Benchmarking Agentgateway vs LiteLLM
A head-to-head proxy benchmark comparing agentgateway and LiteLLM on throughput, latency, CPU, and memory using Fortio and a mock LLM backend.
One of the coolest features in the agentgateway 1.3 release is Virtual Models. It made me realize I could use agentgateway locally to manage all of my LLM API keys while also getting visibility into my LLM usage and costs.

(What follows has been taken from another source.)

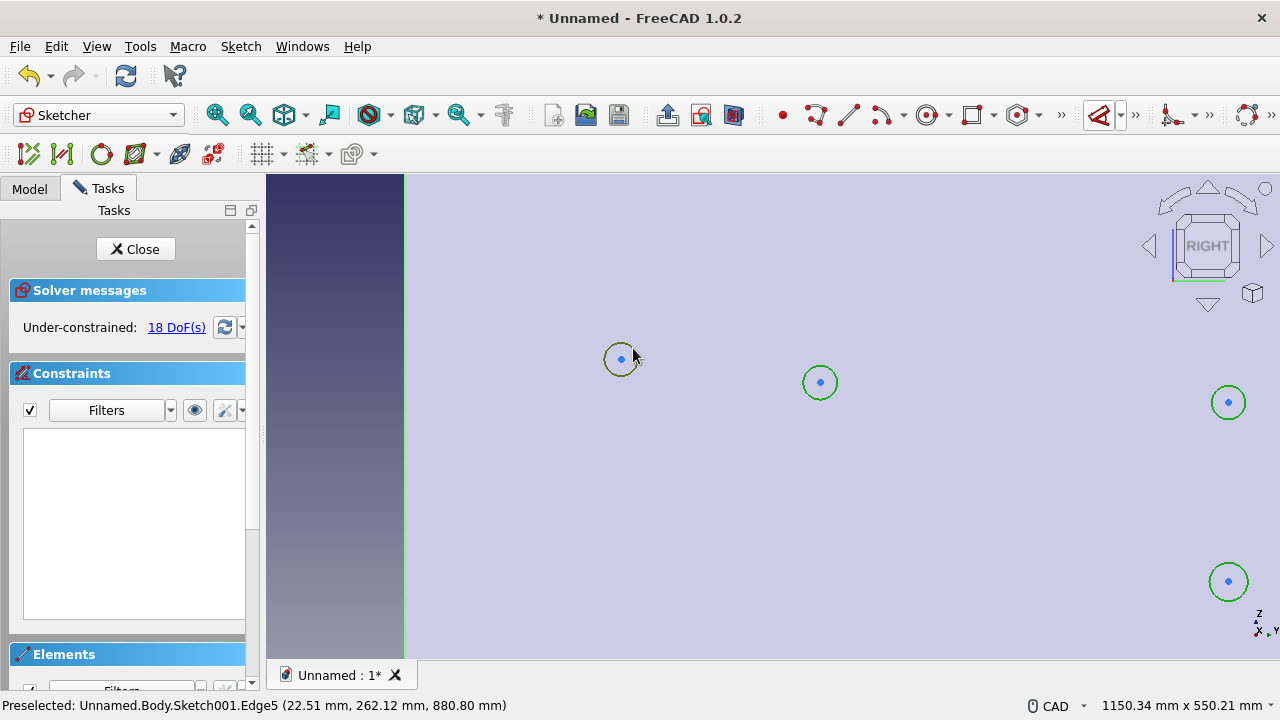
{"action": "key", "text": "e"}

I’ve heard good things about LiteLLM for quite a while, so I decided to compare its performance with agentgateway. My goal is to find a lightweight gateway that can handle very high throughput with minimal latency. (I occasionally ask LLMs to generate videos, which results in a lot of API traffic.)
Instead of comparing features, I wanted to answer a simple question:
How much overhead does each proxy introduce under load?
Specifically, I measured:
- Throughput (QPS)
- Request latency
- CPU utilization
- Memory usage
Test setup
The benchmark uses a very simple architecture. A mock LLM server immediately returns a fixed response so the benchmark measures proxy overhead rather than model inference time.

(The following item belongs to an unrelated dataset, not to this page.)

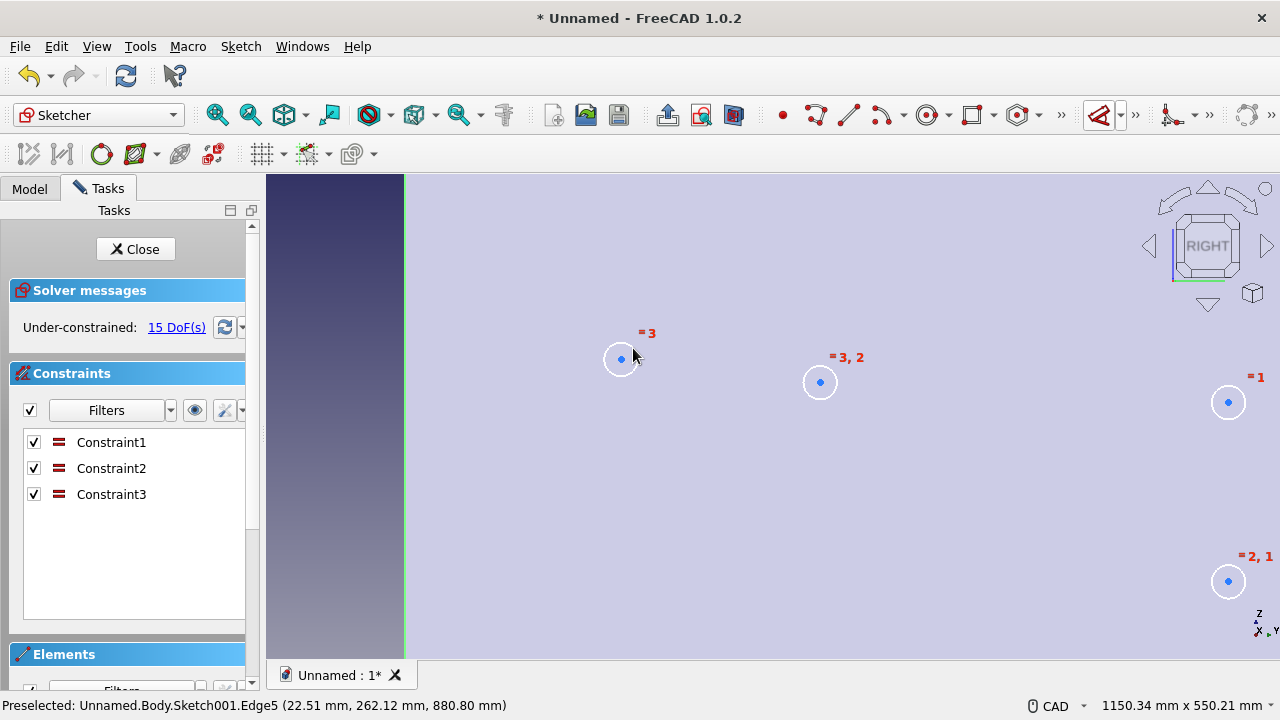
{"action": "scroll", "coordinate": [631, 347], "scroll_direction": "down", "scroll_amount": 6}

Fortio generates as much traffic as possible against each gateway.
fortio (bt) ──► litellm :4000 ───────┐
├──► mock-server (hyper-server) :8081
fortio (bt) ──► agentgateway :4001 ──┘I ran the benchmark using the default configuration:
./scripts/run-benchmark.shThe benchmark uses:
- 32 concurrent connections
- Maximum possible throughput (unlimited QPS)
- 1 KB request payloads
- 3-second benchmark duration
Results
Throughput & Latency
| Gateway | Throughput | P50 | P90 | P99 |
|---|---|---|---|---|
| agentgateway | 36,933 QPS | 0.831 ms | 1.533 ms | 1.970 ms |
| LiteLLM | 3,198 QPS | 7.076 ms | 17.986 ms | 32.192 ms |
agentgateway handled over 11× more requests per second while maintaining sub-2 ms P99 latency.
CPU & Memory
| Gateway | Avg CPU | Peak CPU | Avg Memory | Peak Memory |
|---|---|---|---|---|
| agentgateway | 105% | 243% | 22 MB | 29 MB |
| LiteLLM | 331% | 1075% | 11.8 GB | 11.8 GB |
The memory difference was the biggest surprise. During this benchmark, LiteLLM consumed nearly 12 GB of RAM, while agentgateway stayed below 30 MB.
Raw benchmark output
./scripts/run-benchmark.sh
==> Run ID: 20260626-120716
==> LiteLLM workers: 18
...
Running fortio to litellm at 0 QPS for 3s and 32 connections...
qps: 3198.48qps p50: 7.076ms p90: 17.986ms p99: 32.192ms
...
Running fortio to agentgateway at 0 QPS for 3s and 32 connections...
qps: 36933.62qps p50: 0.831ms p90: 1.533ms p99: 1.970ms
...
DEST,CLIENT,QPS,CONS,DUR,PAYLOAD,SUCCESS,THROUGHPUT,P50,P90,P99
litellm,fortio,0,32,3,1104,10186,3198.48qps,7.076ms,17.986ms,32.192ms
agentgateway,fortio,0,32,3,1104,110831,36933.62qps,0.831ms,1.533ms,1.970ms
...
CONTAINER,SAMPLES,AVG_CPU%,PEAK_CPU%,AVG_MEM,PEAK_MEM
perf-agentgateway,4,104.80%,243.02%,22.38MiB,28.79MiB
perf-litellm,4,330.79%,1075.38%,11.81GiB,11.81GiB
perf-mock-server,4,24.52%,81.05%,3.43MiB,3.84MiBVisualized results
I asked Cursor to turn the raw benchmark data into a few charts:




Takeaways
For this benchmark, agentgateway introduced significantly less proxy overhead than LiteLLM:
- ~11.5× higher throughput
- Much lower (~10×) latency across all percentiles
- ~500× lower memory usage
- Lower CPU utilization
This benchmark intentionally isolates proxy performance by using a mock backend, so it doesn’t measure real LLM inference latency or feature completeness. If your workload is dominated by model inference, the differences will be less noticeable. However, if you’re building high-throughput AI services or running a local gateway that handles many concurrent requests, proxy overhead becomes much more important.
Based on these results, I’m going to switch my local setup to agentgateway and use it to manage all of my LLM traffic.
Because each gateway handled a different workload in this test, I followed up with Part 2 using a fixed 3,000 QPS target for both gateways to make the comparison more apples-to-apples.
The complete benchmark scripts and raw results are available in the GitHub repository if you’d like to reproduce the numbers yourself.